План прост. Забраться на крышу дома, путь разведан, привязать к трубе крепкую веревку, она у меня тоже припасена, спуститься к нужному окну, и оно мне ведомо, знаю, где ложе любви, выход, выключатели, каковы запоры на двери, выждать, пока погаснет свет и начнется непродолжительный сеанс титского секса, не лучшего в мире. Потом высадить ногами окно и в темноте, ослепляя совокупляющихся вспышкой, щелкнуть раз-два, после чего стремительно бежать.

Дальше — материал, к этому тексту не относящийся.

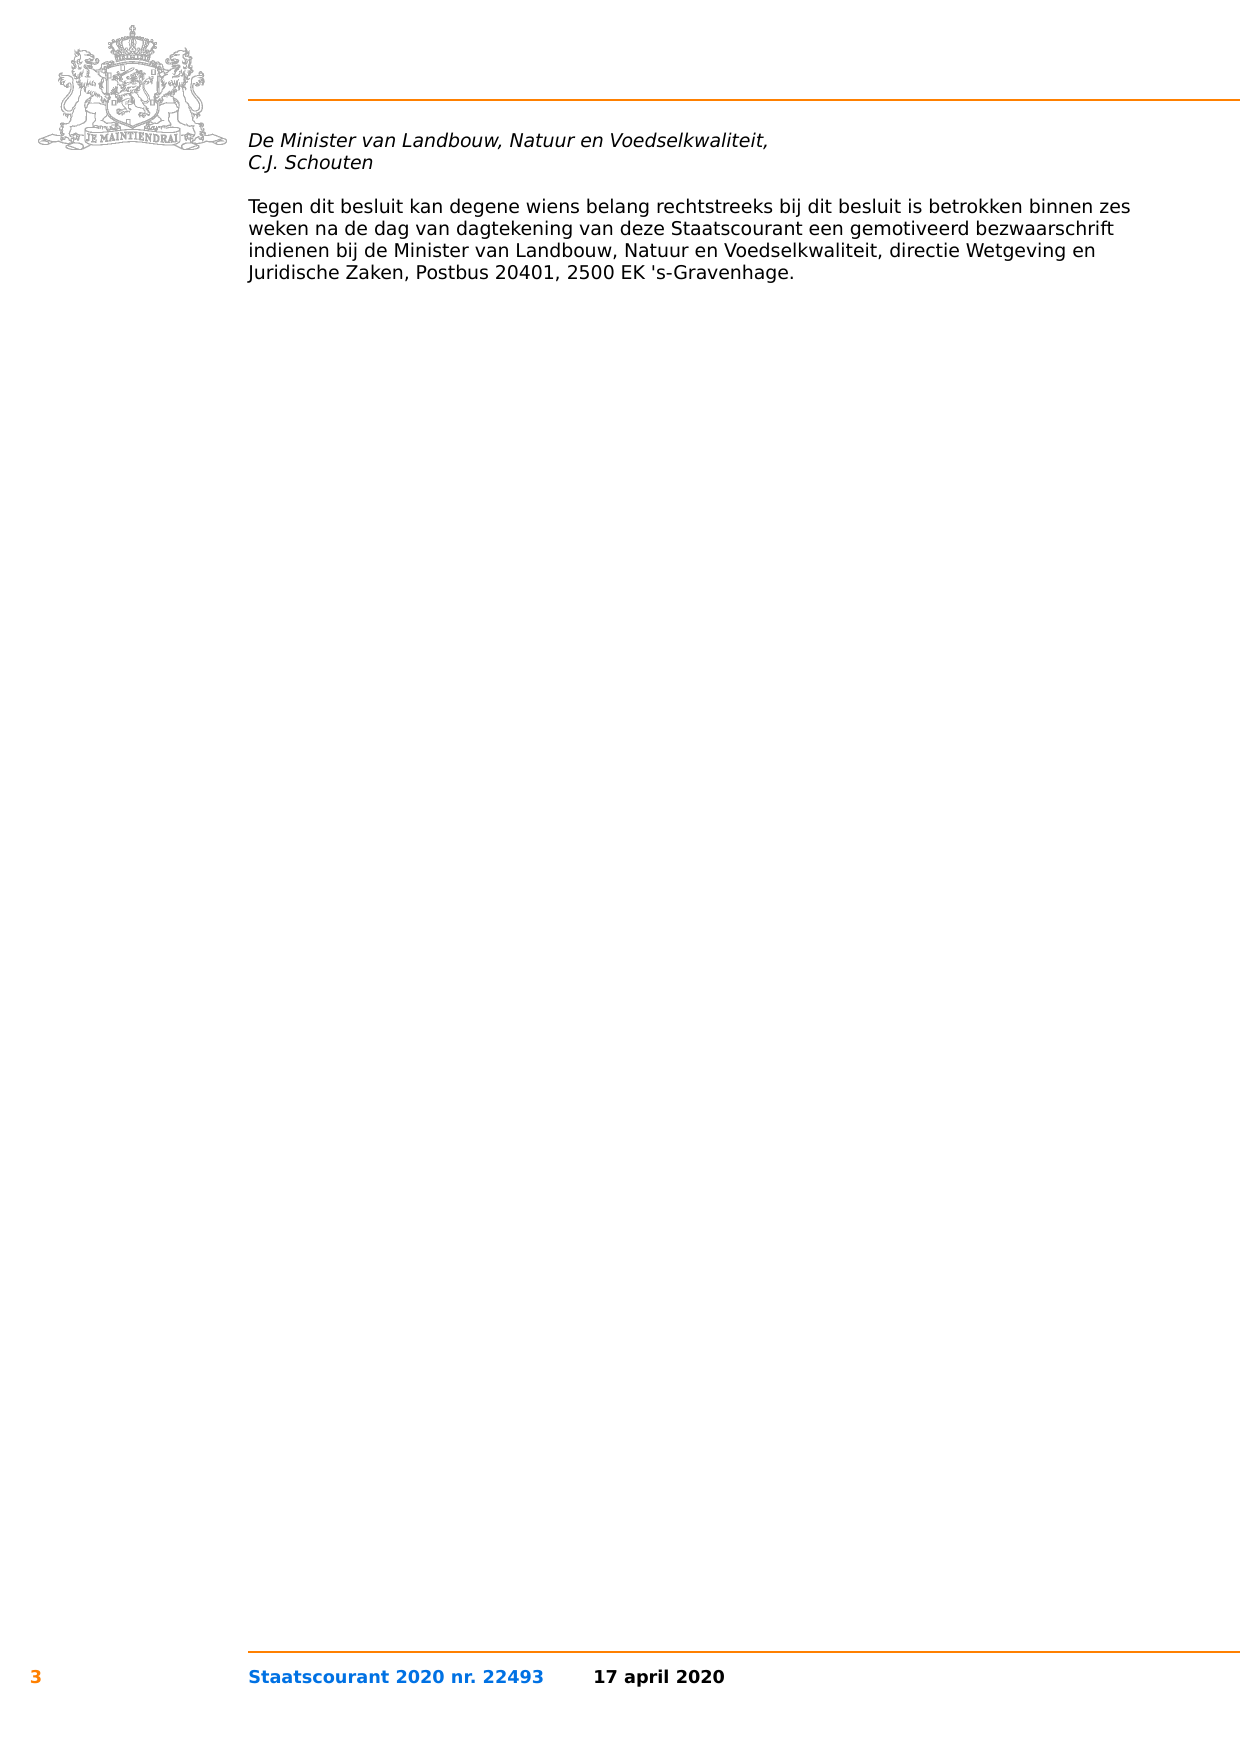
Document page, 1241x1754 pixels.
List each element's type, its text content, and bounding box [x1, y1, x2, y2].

На стороне противника физическая сила и превосходство в численности. На моей стороне фактор внезапности. Известно, что это кратковременный фактор. Значит, кампанию надо провести молниеносно. Потом, на моей стороне будет то преимущество, что я буду в штанах, а Жучила без. Хотя по лестницам сподручнее бегать без штанов, что-то нашептывает мне, что Жучила этой сподручностью не соблазнится. Так что главное вырваться, а уж дальше побегу в одиночестве.
Октябрьский вечер прохладен, и мне не жарко в моей телогрейке. Сидя на крыше с чулком на физиономии, с обвязанной вокруг трубы веревкой в руке и фотоаппаратом на шее, думаю о том, что, если убьюсь, замысел провалится. Зря очаровывал Сокиру. Все зря. И эссе не опубликуют. Покойники не знают, горюют ли по ним. С другой стороны, и эссе, и Сокира только средства на пути к замыслу. Вот если поймают — заколют в больнице на раз, и уже завтра в голове моей не будет рассудка. Анна станет навещать меня все реже, кормить, тупо роняющего слюни, я ее вряд ли даже узнаю… Не удалось мне наказать ее обидчика. Дознался лишь, что все произошло, как я и полагал, на почве неудовлетворенного домогательства: была безотказна — и вдруг?.. Погорюет, конечно, но характер у нее легкий, утешится.